[Start of Attachment]

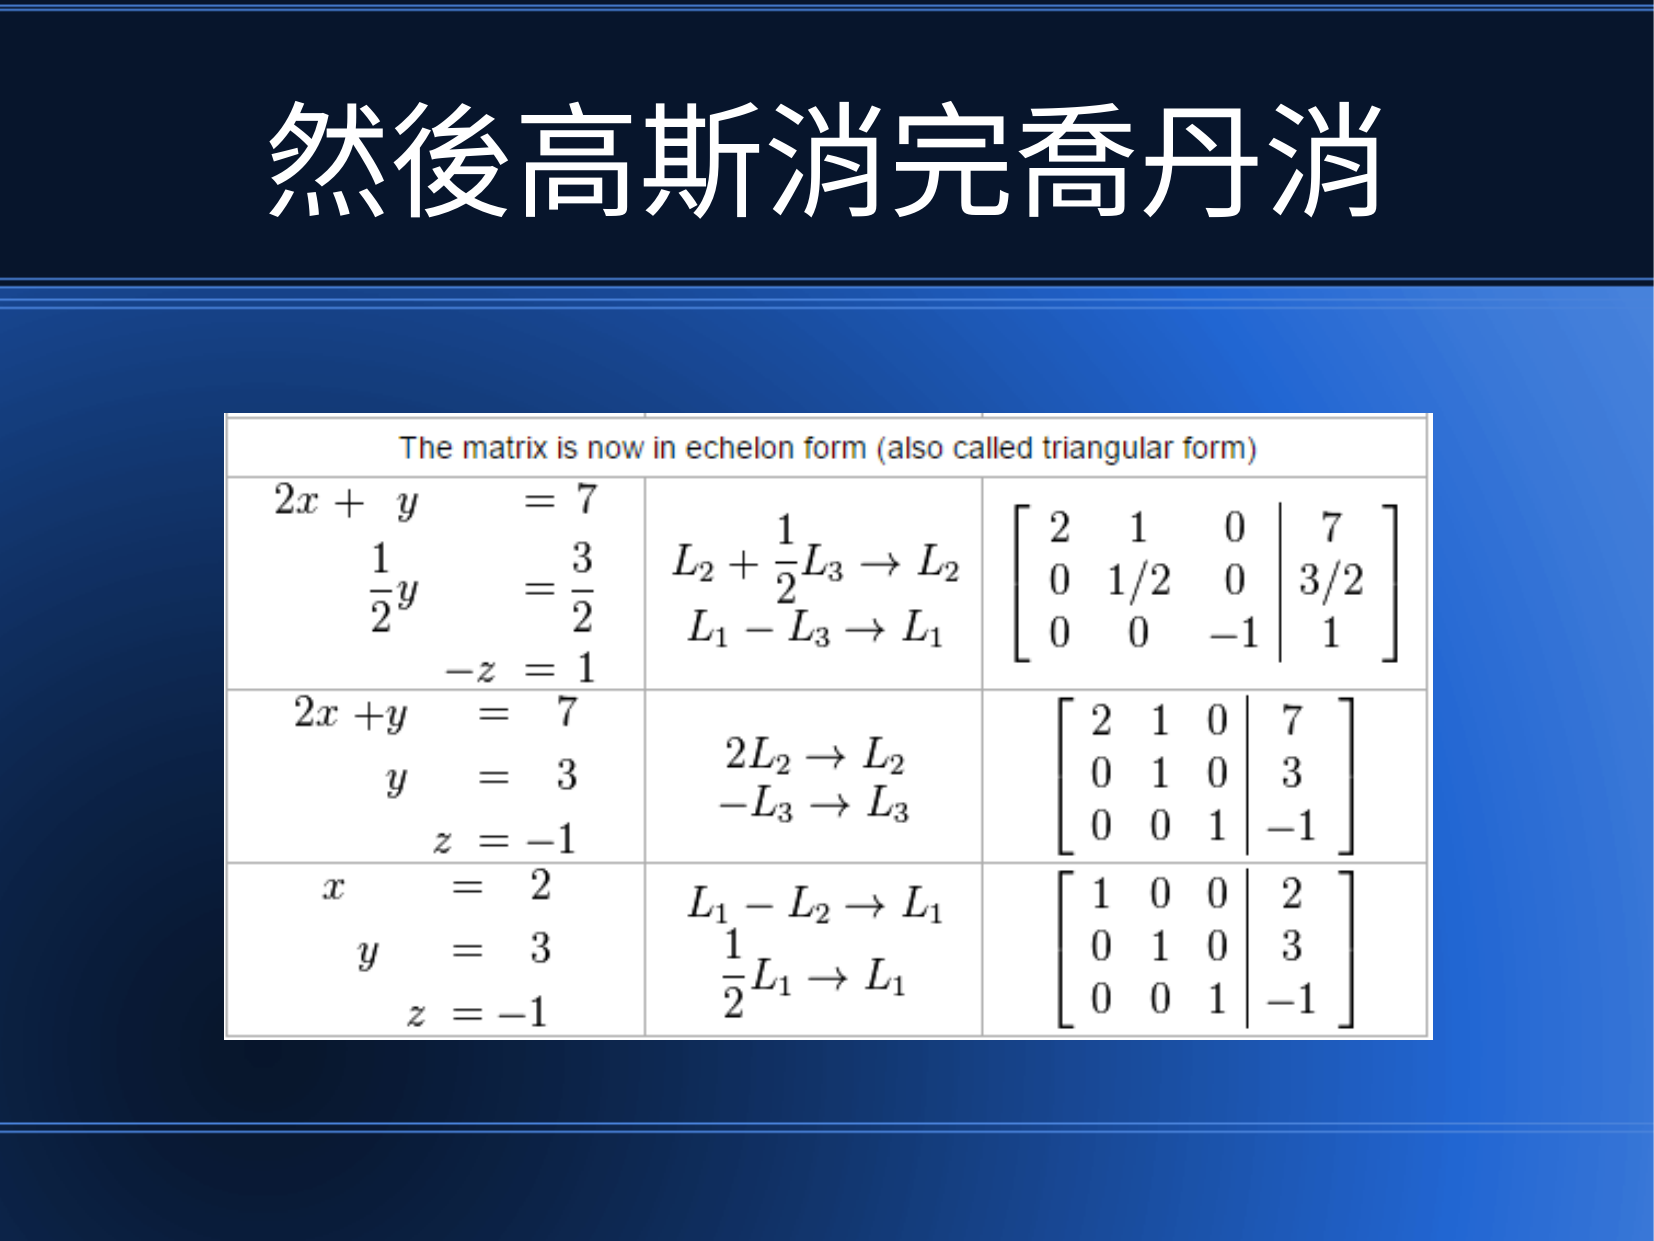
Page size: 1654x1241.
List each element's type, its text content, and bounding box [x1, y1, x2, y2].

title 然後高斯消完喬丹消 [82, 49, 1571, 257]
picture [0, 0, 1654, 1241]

[End of Attachment]
[Start of Attachment]

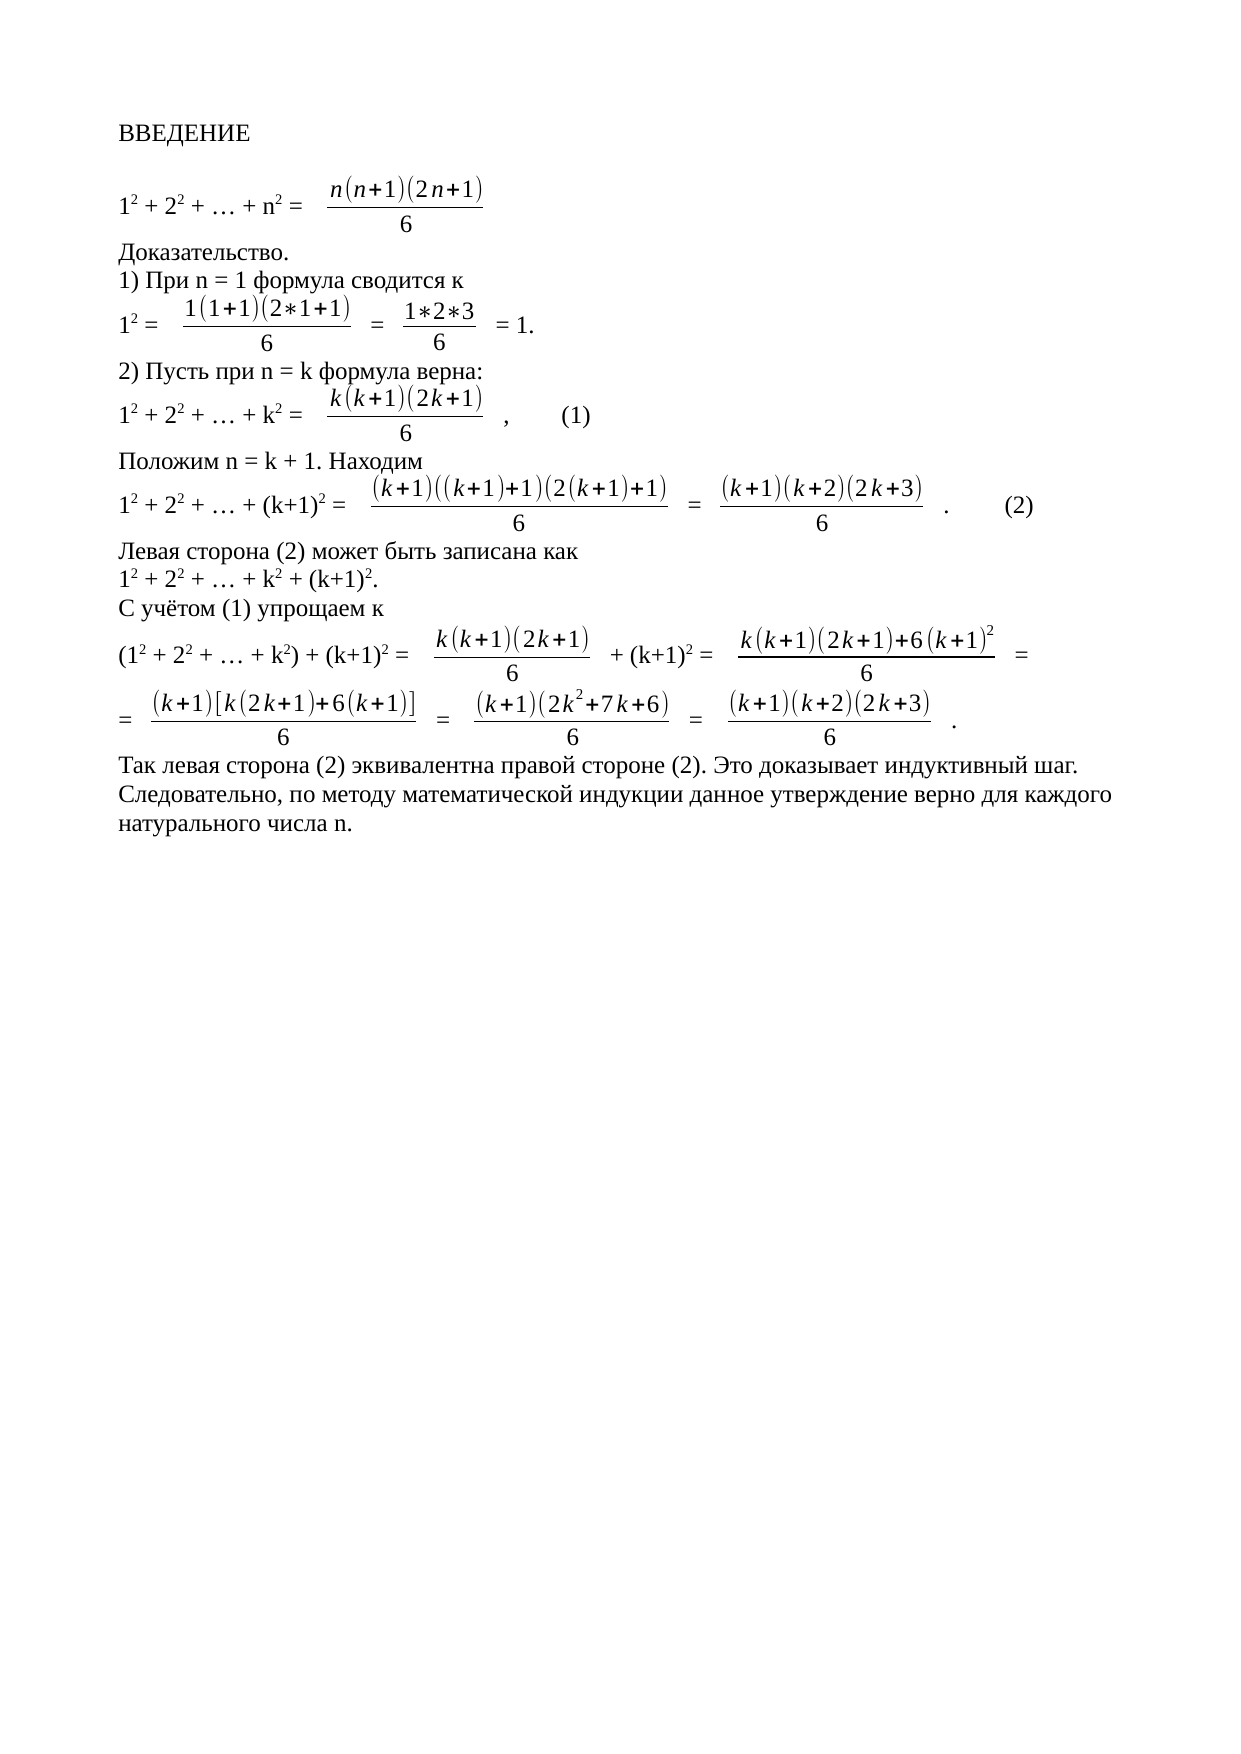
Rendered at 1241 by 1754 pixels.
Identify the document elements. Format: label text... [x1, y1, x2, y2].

[End of Attachment]

What do the lines above say from the one containing "Rendered at 1241 by 1754 pixels." down to the one containing "Identify the document"? Return them exactly, both end lines included, and only them.

Rendered at 1241 by 1754 pixels.
Identify the document elements. Format: label text... [x1, y1, x2, y2].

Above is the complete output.